_AIM OF THE TASK_
What is needed is the full set of records, word for word, with no pictures.

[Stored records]
────
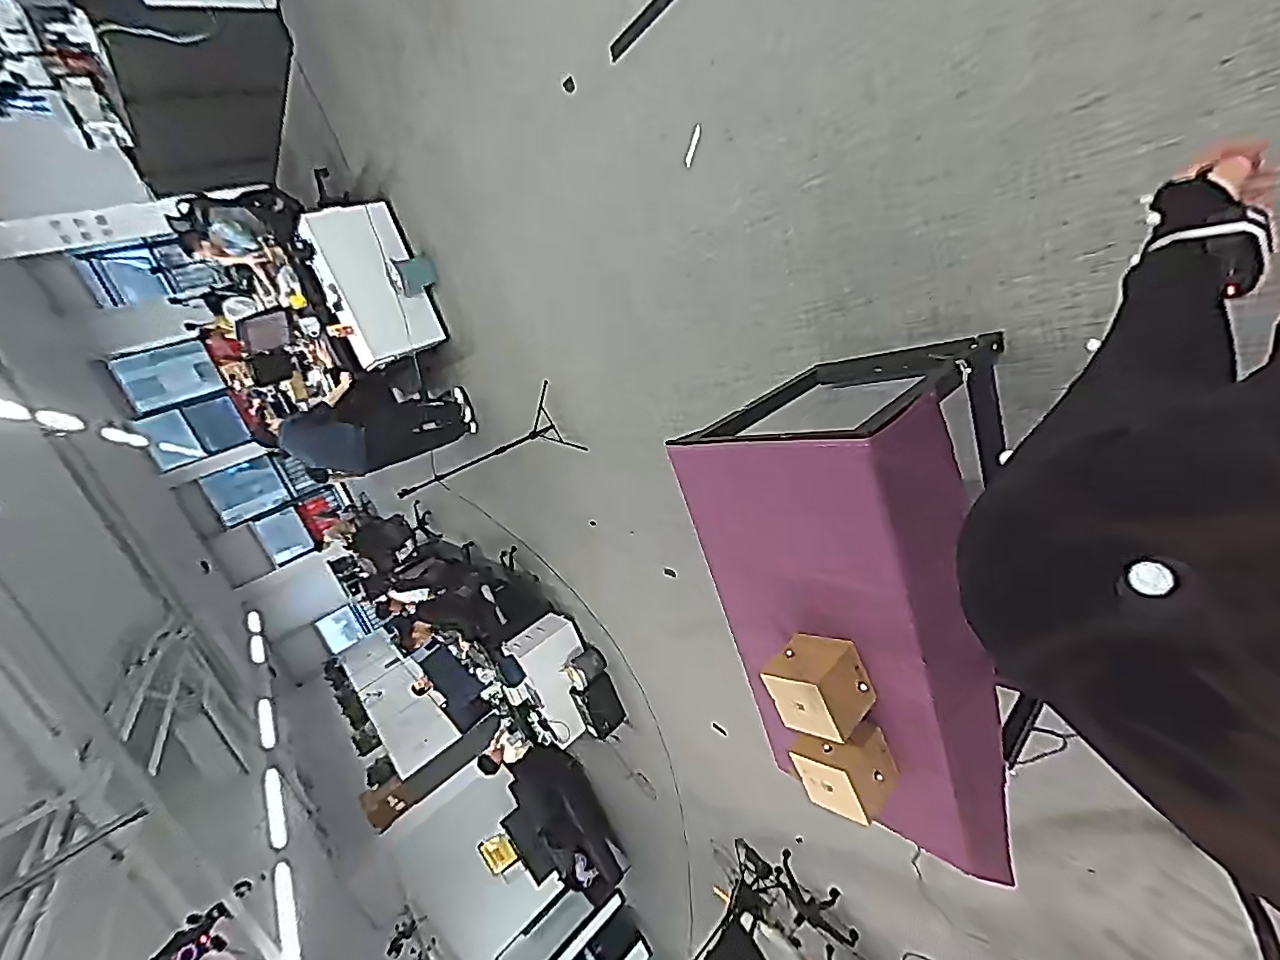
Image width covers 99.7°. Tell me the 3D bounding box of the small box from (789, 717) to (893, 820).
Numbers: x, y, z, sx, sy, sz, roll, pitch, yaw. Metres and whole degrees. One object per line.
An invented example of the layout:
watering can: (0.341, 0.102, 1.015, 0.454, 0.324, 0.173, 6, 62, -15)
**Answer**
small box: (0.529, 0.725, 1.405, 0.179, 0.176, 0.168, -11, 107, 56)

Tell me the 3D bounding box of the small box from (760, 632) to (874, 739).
────
_TASK SOLUTION_
Image width covers 99.7°. Tell me the 3D bounding box of the small box from (789, 717) to (893, 820).
Numbers: x, y, z, sx, sy, sz, roll, pitch, yaw. Metres and whole degrees. One object per line.
An invented example of the layout:
watering can: (0.341, 0.102, 1.015, 0.454, 0.324, 0.173, 6, 62, -15)
**Answer**
small box: (0.529, 0.725, 1.405, 0.179, 0.176, 0.168, -11, 107, 56)

Tell me the 3D bounding box of the small box from (760, 632) to (874, 739).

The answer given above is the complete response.